Alguien, probablemente un profesor o el dueño de unos salones recreativos, me explicó cuando yo era mozo que la frase constituye el elemento más pequeño del discurso capaz de expresar por sí solo una idea completa. Doy por sentado que a día de hoy, a pesar de su belleza y sencillez, esta definición se habrá quedado obsoleta. Hace tiempo que la habrán retorcido, mezclado y mutilado. La habrán torturado a conciencia por el bien de la gramática. Sin embargo, a mí esa descripción de la frase como pieza elemental y autónoma de la expresión, como unidad mínima independiente, con sentido pleno y, en su caso, aislado del resto de frases, me sigue pareciendo especialmente afortunada.

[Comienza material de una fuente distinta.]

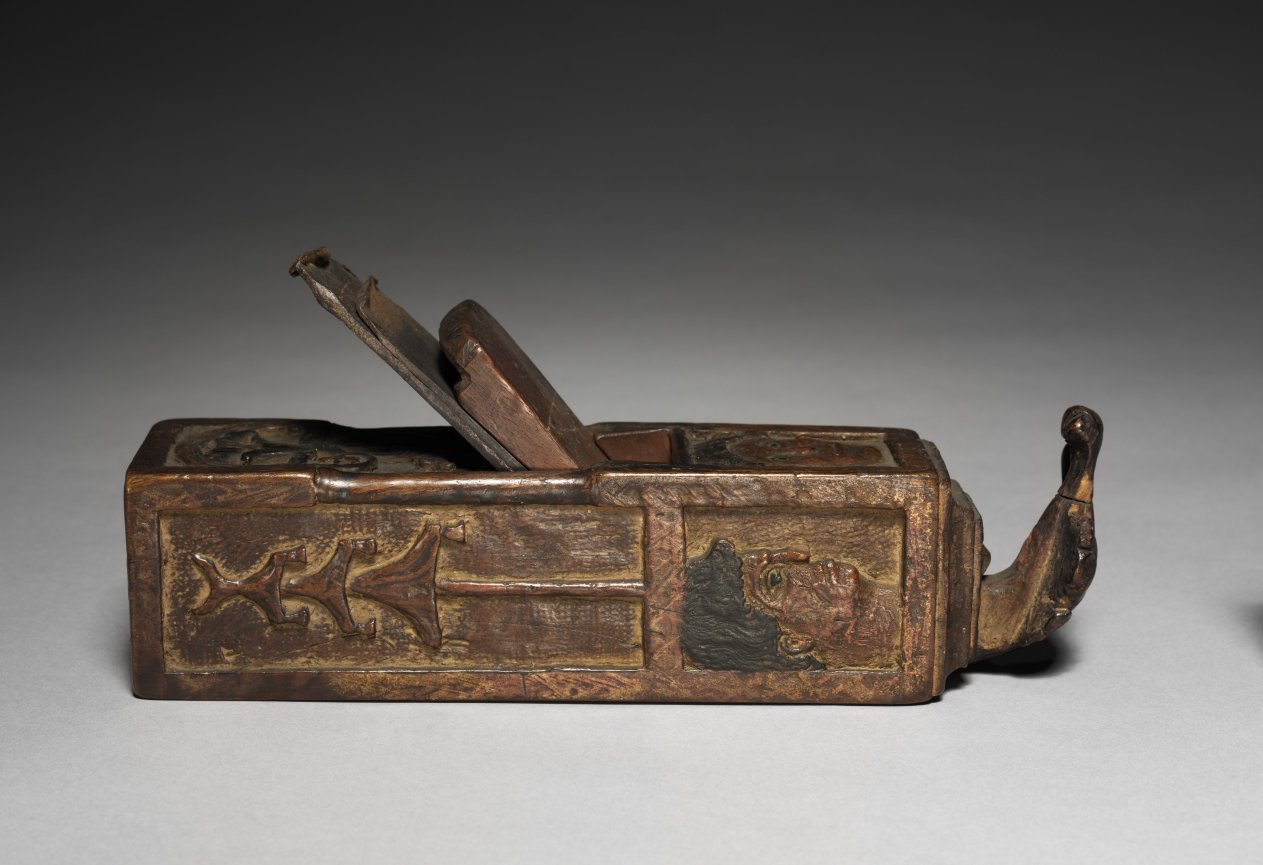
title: Carpenter's Plane
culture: Italy, late 16th century ?
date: late 1500s
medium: wood
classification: Tool

Le explicaba Josep Pla a Salvador Pániker durante una entrevista en el año 1965 que «la mejor frase que se ha hecho en nuestra lengua es «la puerta es verde»; punto». El escritor catalán ya había recurrido al mismo ejemplo en un artículo sobre el arte de escribir publicado en octubre de 1941 en la revista Destino: «La primera cosa que hay que hacer para escribir bien es obedecer el genio de la lengua. Y el genio de las lenguas neolatinas consiste en poner primero el artículo, luego el sustantivo, luego el verbo y finalmente el predicado. Cuando se quiere predicar de una puerta su color verde, hay que decir, si es posible: «La puerta es verde». Nada más. (…) Esto no tiene nada que ver con las modas, ni con las vibraciones, ni con los estados de ánimo fugaces. Esto durará siempre».

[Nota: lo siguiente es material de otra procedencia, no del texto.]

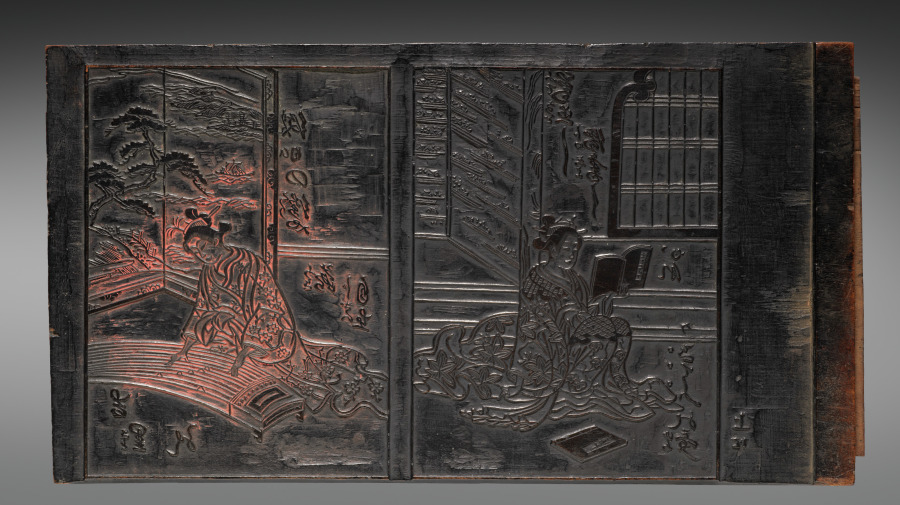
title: Print Block
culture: Japan, Edo period (1615–1868)
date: 1700s
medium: woodblock
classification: Woodblock

Así entendida la frase, es decir, como la sucesión de un sujeto, un verbo y un predicado, cualquiera podría pensar que en el arte de escribir se premia la concisión. Si «la puerta es verde» es la mejor frase que se ha escrito en nuestra lengua, se podría concluir que José Saramago, por ejemplo, es un productor de frases terribles y escandalosas. En La balsa de piedra, el premio nobel escribe: «Es un viajante que ni debe ni teme, salió temprano para gozar la fresca de la mañana y aprovechar el día, los turistas matinales son así, en el fondo problemáticos e inquietos, sufren con la inevitable brevedad de las vidas, acostarse tarde y levantarse temprano, salud no da, pero alarga el vivir». Entre los consejos sobre el arte de escribir que Josep Pla ofrece en el artículo mencionado, se encuentra el de la agilidad, una virtud de la buena escritura en la que coincide con Azorín: «El ritmo de la frase ha de ser rápido. Yo practiqué esta regla siempre, porque no puedo resistir la difusión y el autor pesado». Para Saramago, sin embargo, la frase tiene mucho más que ver con la música, con «el juego de la entonación, de la suspensión», como le explicaba el autor de Ensayo sobre la ceguera al argentino Noé Jitrik en una conversación entre ambos escritores publicada en 1992 por la revista Biblioteca de México.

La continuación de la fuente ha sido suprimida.